> **EXERCISE REQUIREMENTS**:
Copy exactly, and only, the lines from the one with "#44 person at [983, 499, 1000, 545]" to the end of the listing; omit pictures.

════════════════════

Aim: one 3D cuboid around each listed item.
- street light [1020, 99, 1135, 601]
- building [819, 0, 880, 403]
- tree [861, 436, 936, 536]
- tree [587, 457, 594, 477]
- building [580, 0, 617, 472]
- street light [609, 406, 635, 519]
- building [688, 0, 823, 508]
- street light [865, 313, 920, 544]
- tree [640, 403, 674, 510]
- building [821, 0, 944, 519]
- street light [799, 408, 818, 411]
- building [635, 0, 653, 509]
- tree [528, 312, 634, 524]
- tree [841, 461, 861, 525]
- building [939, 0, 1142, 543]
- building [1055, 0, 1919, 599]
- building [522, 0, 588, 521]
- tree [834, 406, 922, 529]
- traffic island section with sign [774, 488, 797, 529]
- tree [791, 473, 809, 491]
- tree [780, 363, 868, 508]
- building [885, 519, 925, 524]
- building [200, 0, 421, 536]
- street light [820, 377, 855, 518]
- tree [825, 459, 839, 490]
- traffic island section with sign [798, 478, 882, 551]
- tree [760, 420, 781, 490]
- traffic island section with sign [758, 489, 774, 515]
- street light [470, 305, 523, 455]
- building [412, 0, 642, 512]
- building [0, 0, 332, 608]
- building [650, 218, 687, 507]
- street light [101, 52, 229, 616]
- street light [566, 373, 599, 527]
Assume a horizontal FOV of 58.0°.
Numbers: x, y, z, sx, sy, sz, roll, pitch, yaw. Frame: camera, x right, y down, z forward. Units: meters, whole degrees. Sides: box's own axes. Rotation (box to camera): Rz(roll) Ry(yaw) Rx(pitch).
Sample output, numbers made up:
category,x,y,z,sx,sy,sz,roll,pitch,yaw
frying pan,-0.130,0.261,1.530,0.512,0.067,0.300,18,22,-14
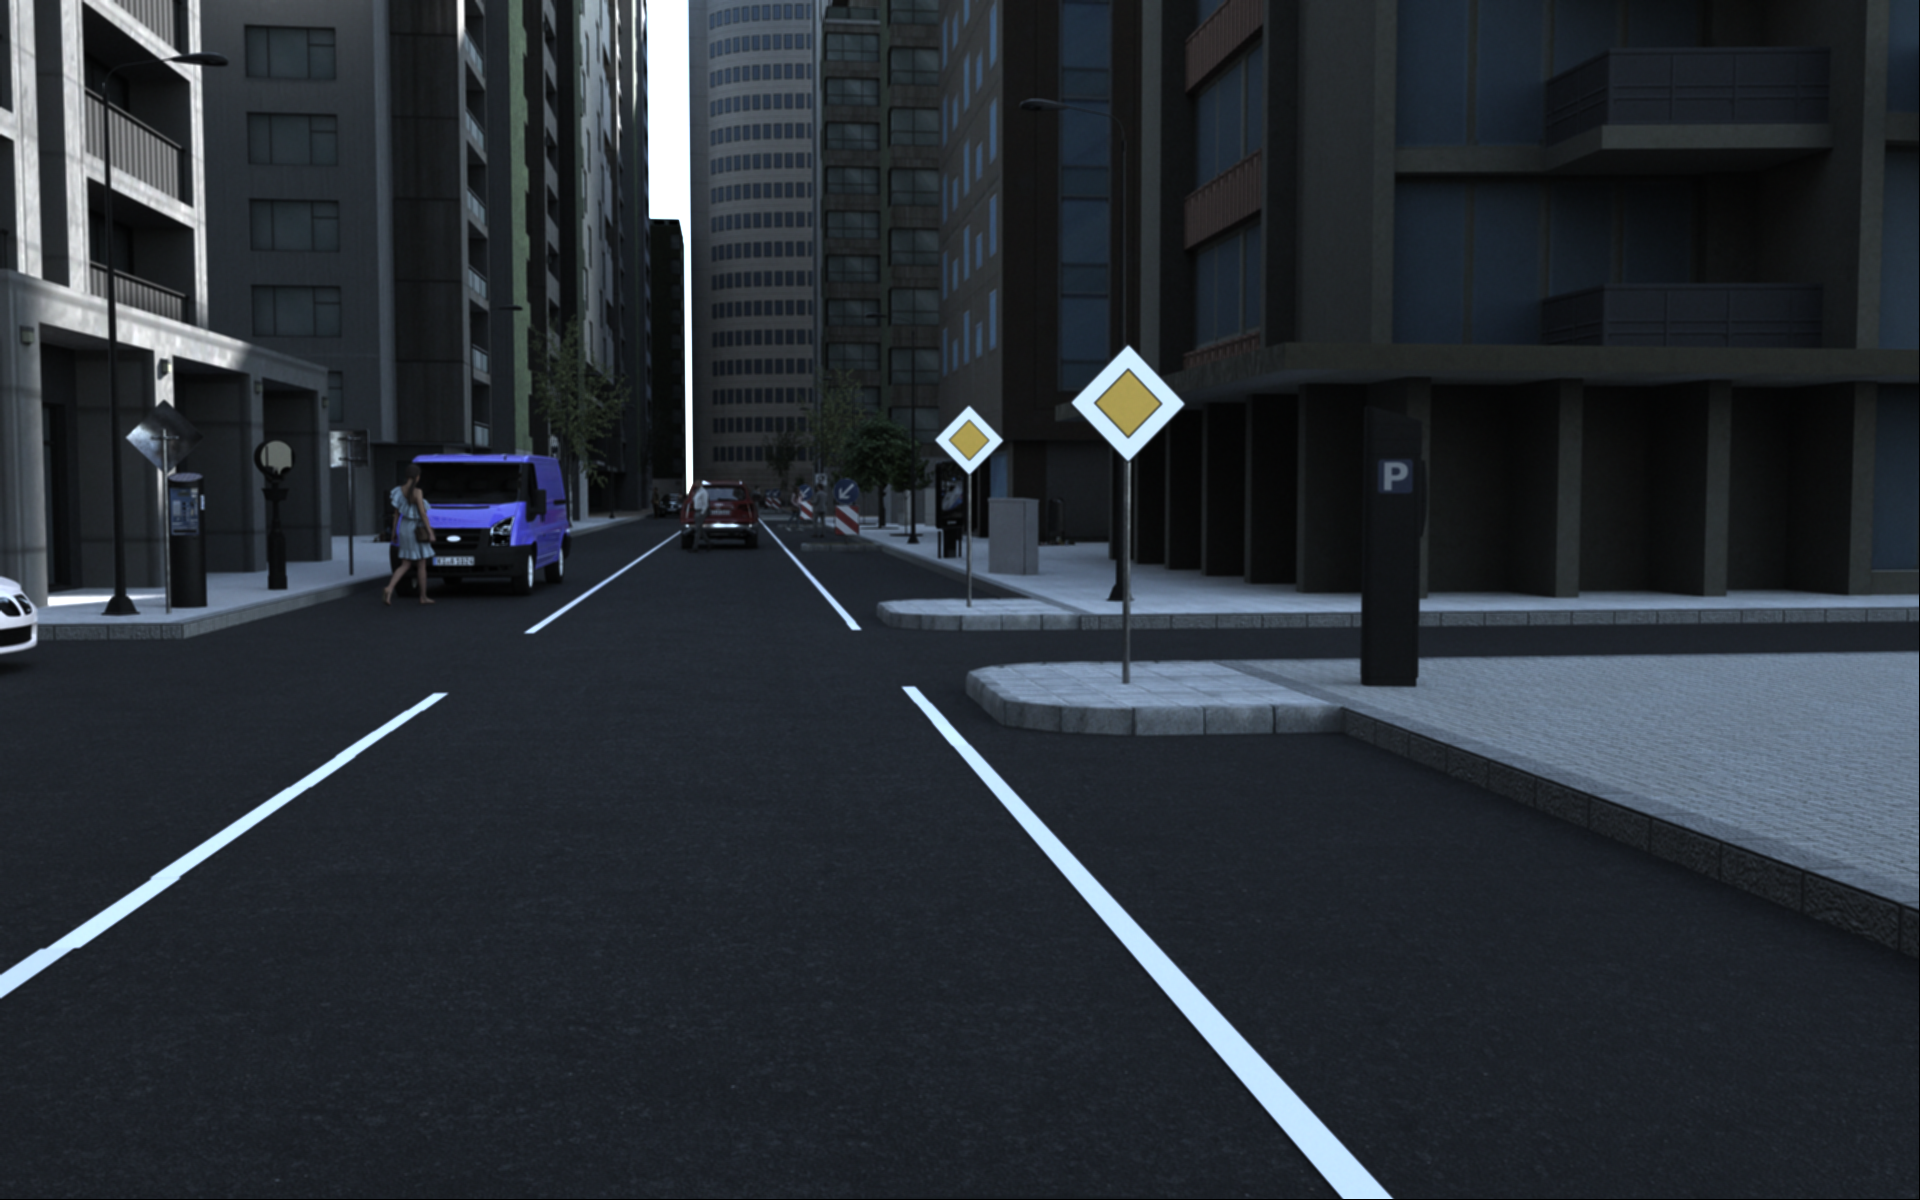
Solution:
category,x,y,z,sx,sy,sz,roll,pitch,yaw
street light,1.397,-2.940,20.617,1.470,5.913,1.316,0,4,-7
building,3.635,-32.985,128.541,28.713,52.752,27.495,0,4,-7
tree,-1.741,-3.572,53.005,1.663,3.219,1.824,0,3,0
tree,-21.013,-6.573,91.186,4.285,4.588,4.351,0,3,0
building,-35.450,-31.509,104.410,28.713,52.752,27.495,0,4,-7
street light,-17.735,-7.236,90.853,1.470,5.913,1.316,0,4,-7
building,-15.157,-39.554,188.712,28.212,58.520,21.231,0,4,-7
street light,-1.750,-4.412,44.670,1.470,5.913,1.316,0,4,-7
tree,-25.043,-11.520,138.706,4.360,8.622,3.978,0,3,0
building,-1.631,-20.544,107.602,14.160,30.474,14.107,0,4,-7
street light,-7.941,-7.384,93.272,1.470,5.913,1.316,0,4,-7
building,-41.981,-37.412,153.687,28.212,58.520,21.231,0,4,-7
tree,-15.711,-7.333,70.259,4.737,8.622,4.395,0,3,0
tree,-4.038,-4.755,72.348,1.663,3.219,1.824,0,3,0
building,7.036,-24.568,51.793,14.600,45.320,14.200,0,4,-7
building,16.641,-23.014,30.906,28.867,44.769,22.147,0,4,-7
building,-24.974,-18.819,79.388,14.160,30.474,14.107,0,4,-7
tree,-3.061,-4.923,64.213,4.285,4.588,4.351,0,3,0
traffic island section with sign,-6.496,-3.818,71.045,1.989,1.847,2.006,0,4,-7
tree,-14.561,-9.929,156.933,1.663,3.219,1.824,0,3,0
tree,-7.078,-8.943,96.576,4.737,8.622,4.395,0,3,0
building,3.125,-18.916,80.977,14.160,30.474,14.107,0,4,-7
building,-22.353,-22.848,57.159,14.154,41.232,14.086,0,4,-7
street light,-4.770,-5.898,68.980,1.470,5.913,1.316,0,4,-7
tree,-5.156,-5.246,80.367,1.663,3.219,1.824,0,3,0
traffic island section with sign,-3.058,-2.182,44.309,1.989,1.847,2.006,0,4,-7
tree,-16.641,-13.030,163.395,4.737,8.622,4.395,0,3,0
traffic island section with sign,-12.985,-6.887,121.222,1.989,1.847,2.006,0,4,-7
street light,-11.457,-4.291,42.698,1.470,5.913,1.316,0,4,-7
building,-31.030,-27.106,126.772,14.154,41.232,14.086,0,4,-7
building,-21.763,-35.933,25.751,20.563,71.187,20.611,0,4,-7
building,-36.043,-25.133,182.623,14.107,30.474,14.160,0,4,-7
street light,-8.401,-2.800,18.328,1.470,5.913,1.316,0,4,-7
street light,-14.543,-5.751,66.568,1.470,5.913,1.316,0,4,-7
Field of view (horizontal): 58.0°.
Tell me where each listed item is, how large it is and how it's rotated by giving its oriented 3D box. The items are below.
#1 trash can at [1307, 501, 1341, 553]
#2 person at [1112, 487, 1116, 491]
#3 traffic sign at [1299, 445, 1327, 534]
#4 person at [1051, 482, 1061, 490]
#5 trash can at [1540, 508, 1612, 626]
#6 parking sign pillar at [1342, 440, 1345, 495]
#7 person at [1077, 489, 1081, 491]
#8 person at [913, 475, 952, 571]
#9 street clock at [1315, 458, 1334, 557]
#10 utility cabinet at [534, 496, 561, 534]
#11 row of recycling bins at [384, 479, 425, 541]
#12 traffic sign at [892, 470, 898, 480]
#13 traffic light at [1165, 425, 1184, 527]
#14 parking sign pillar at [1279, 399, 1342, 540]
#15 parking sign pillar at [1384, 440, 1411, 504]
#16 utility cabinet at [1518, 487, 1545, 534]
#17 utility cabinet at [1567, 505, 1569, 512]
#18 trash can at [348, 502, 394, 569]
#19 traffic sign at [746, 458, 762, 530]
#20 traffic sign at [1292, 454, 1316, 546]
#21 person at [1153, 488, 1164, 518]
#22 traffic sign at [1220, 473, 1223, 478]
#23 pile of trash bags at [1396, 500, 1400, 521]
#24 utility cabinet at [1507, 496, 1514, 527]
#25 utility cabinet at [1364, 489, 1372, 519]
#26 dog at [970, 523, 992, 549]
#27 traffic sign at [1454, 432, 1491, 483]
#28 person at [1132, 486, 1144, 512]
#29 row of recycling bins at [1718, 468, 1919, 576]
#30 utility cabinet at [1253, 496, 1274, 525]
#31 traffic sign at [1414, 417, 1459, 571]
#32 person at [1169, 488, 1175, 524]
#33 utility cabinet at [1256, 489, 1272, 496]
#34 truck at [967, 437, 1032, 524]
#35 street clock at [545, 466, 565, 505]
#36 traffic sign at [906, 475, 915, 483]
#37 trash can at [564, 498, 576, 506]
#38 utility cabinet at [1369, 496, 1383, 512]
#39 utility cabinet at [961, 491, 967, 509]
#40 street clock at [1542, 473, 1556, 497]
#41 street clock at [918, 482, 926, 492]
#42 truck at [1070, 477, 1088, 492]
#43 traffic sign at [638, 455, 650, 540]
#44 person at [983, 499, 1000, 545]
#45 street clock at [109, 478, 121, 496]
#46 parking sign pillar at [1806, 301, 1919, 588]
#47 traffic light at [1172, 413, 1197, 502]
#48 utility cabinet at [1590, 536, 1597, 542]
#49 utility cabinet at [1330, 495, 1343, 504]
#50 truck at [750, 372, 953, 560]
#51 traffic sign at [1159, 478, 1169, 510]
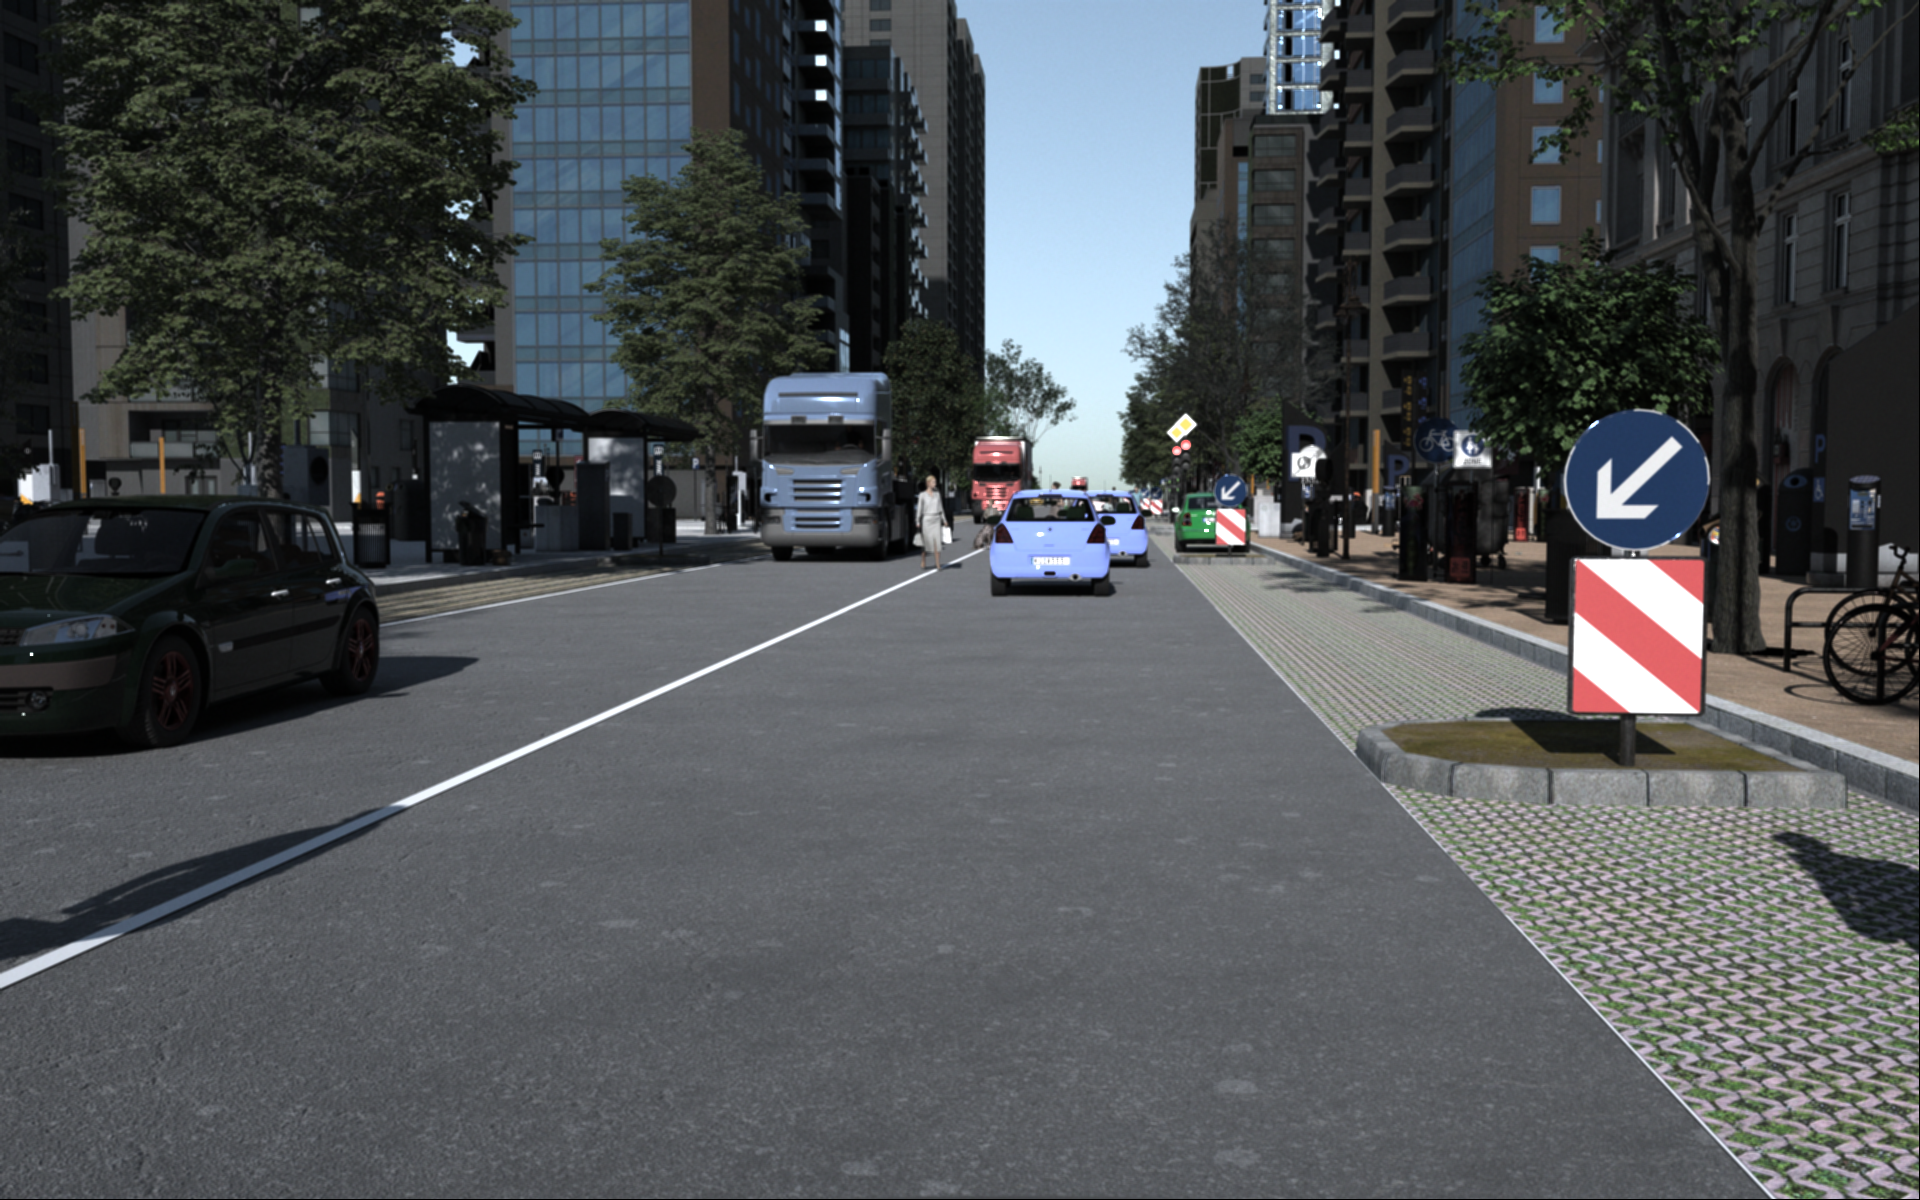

════════════════════

> **RESPONSE**:
#44 person at [983, 499, 1000, 545]
#45 street clock at [109, 478, 121, 496]
#46 parking sign pillar at [1806, 301, 1919, 588]
#47 traffic light at [1172, 413, 1197, 502]
#48 utility cabinet at [1590, 536, 1597, 542]
#49 utility cabinet at [1330, 495, 1343, 504]
#50 truck at [750, 372, 953, 560]
#51 traffic sign at [1159, 478, 1169, 510]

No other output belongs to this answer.